Mlliyet Milliyet Blog Milliyet Blog
 
Facebook Connect
Blog Kategorileri
 

06 Haziran '09

 
Kategori
Gündelik Yaşam
 

Ayakkabılar ve taşıdıkları sihir…

Ayakkabılar ve taşıdıkları sihir…
 

Netten...


Cuma gecesi …

Biz kadınlar grubu yine arkadaşlarımın bahçesinde oturuyoruz. Beyler bizim evde maç izliyor. Gökyüzünde tek bulut yok. Yıldızlar da yok olmuş sanki. Ay parlak... Sahiden ay çok parlak olunca neden yıldızlar yok oluyor…yoksa ben mi onları göremiyorum.Kendimi tutamıyorum:

- Dolunay ne kadar güzel!

- Tam dolunay değil canım, az daha var! cevabı veriyor arkadaşım.

Gözlerimi aydan ayırmadan, mis bergamot kokulu çayımdan bir yudum alıyorum…

- Kızlar, müthiş bir ayakkabı mağazası keşfettim. Çok güzel ve her çeşit model var, ihracat fazlasını satıyorlar, fiyatlar da uygun. Yarın gidelim mi? heyecanla sohbete giriyor Gökşen.

Ayakkabılar…fetiş. Ayakkabılar çok şey söylüyor. Ayakkabılar, kadınların en büyük tutkularından birisidir. Bu akıl almaz çekimi, izah edebilen birisi var mı bilmiyorum. Buna da gerek yok galiba. Onlar sihirli bir tutku, bir mania …

Ayakkabılar, insanların en eski icatlardan birisidir, baştan deri parçalardan yapılıyormuş ve sadece ayakların soğuktan ve yaralanmalardan koruyormuş.Çok daha sonralarda sağ ve sol ayakkabılar birbirinden farklı olmaya başlıyor.Nette yaptığım küçük araştırmamdan bakın ne öğrendim; yüksek topuklu ayakkabıların şıklık amacıyla kullanıldığı tarih 1533 ve bu topuklu ayakkabının yaratıcısı Leonardo da Vinci.

Bugünlerde, hem kadınlar hem erkekler için, ayakkabılar en önemli aksesuar haline gelmiş ve çoktan sadece ayakları koruma görevini taşımıyorlar.

Benim için ayakkabılar , onları taşıyan insanlar için, bilgiler içeriyor ve çok şey anlatıyorlar; hayatı algılama şeklini, sosyal statüyü, karakteri ve pek çok zaman kendine has, kalitenin eksikliğini. Bana göre, ayakkabıların sihirli gücü var; sıradan bir giysiyi, çarpıcı gibi gösterebilen en önemli aksesuar.

İnsanların dış görünüşünde ilk dikkat ettiğim şey ayakkabılarıdır. Maddi gücü yerinde ve kendilerini stil sahibi zanneden insanların, ortalıkta uygunsuz ve pis ayakkabılarla dolaşmalarını bir anlam veremiyorum.
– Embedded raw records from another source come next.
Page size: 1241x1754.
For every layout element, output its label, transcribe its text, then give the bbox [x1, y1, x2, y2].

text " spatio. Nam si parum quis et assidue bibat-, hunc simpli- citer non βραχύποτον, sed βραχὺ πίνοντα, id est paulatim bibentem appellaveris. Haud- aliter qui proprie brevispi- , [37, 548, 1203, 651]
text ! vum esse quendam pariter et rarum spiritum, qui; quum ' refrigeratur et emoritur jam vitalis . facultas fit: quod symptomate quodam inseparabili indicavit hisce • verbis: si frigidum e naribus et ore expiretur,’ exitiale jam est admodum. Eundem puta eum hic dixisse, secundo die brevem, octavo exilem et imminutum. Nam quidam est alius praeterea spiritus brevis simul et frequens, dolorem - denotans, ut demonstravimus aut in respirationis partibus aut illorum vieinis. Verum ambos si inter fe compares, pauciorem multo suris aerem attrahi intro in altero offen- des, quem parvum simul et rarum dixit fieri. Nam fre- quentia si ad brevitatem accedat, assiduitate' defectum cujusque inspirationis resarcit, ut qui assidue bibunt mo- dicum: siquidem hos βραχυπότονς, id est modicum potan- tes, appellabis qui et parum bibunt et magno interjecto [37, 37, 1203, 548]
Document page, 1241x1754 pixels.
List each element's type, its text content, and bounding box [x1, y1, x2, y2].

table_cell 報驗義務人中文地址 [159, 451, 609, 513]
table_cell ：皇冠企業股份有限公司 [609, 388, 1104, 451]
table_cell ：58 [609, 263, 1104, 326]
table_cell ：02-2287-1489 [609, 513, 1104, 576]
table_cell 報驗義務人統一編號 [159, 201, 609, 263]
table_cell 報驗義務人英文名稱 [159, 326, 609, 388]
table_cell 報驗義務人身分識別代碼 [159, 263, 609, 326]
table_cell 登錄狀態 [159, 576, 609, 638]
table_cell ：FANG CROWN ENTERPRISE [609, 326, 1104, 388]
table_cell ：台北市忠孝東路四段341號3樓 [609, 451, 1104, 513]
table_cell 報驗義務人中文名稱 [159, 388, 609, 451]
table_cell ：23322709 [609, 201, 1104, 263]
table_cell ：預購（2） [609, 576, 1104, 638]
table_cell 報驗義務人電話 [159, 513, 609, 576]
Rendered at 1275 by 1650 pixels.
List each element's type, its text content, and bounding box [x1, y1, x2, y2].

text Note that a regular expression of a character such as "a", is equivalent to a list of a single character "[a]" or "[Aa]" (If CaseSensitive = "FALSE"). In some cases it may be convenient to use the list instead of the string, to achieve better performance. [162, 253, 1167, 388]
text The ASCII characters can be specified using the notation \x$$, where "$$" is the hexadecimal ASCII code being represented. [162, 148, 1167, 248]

Benim ayakkabılara karşı tutkum 18 yaşlarımda başladı.Her sınav sonrasında en az iki çift ayakkabı satın alıyordum kendime.İnanılmaz büyük haz duyuyordum ve kendimi en iyi şekilde ödüllendirdiğimi düşünüyordum.Sınavdan sonra kendimi bu şekilde şımartmayı seviyordum.Üniversite arkadaşlarım arasında pek çok kez konu oluyordum. Bazıları, ayakkabılarımın sayısını merak ediyordu, bazıları da şaka ile karışık, üniversiteyi bitirdiğimde sadece bir kamyon ayakkabılarım için ayarlamam gerekeceğini, söylüyorlardı. Her mania öyle başlar, masum eğlence, sonra anlamadan bir bakıyorsunuz, kontrolden çıkmış bir tutkuya dönüşmüş. 18 yaşında dedim ama galiba yanılıyorum. İlk elbisemi hatırlamıyorum, fakat ilk ayakkabılarımı çok net hatırlıyorum. Siyah ve rugan…üstünde minik çiçekleri vardı. Küçüktüler…ve daha büyük numarası yoktu, ayaklarımı çok sıkmışlardı, fakat almakta ısrarlıydım. Annem almıştı…canım annem. Daha sonra öğrenmiştim, annem ayaklarım fazla uzamasın diye hep küçük ayakkabılar giydirmeye tercih ediyormuş, zaten. Çok acı çektirmişlerdi o ayakkabılar…belki o yüzden unutmamışım. Kim bilir…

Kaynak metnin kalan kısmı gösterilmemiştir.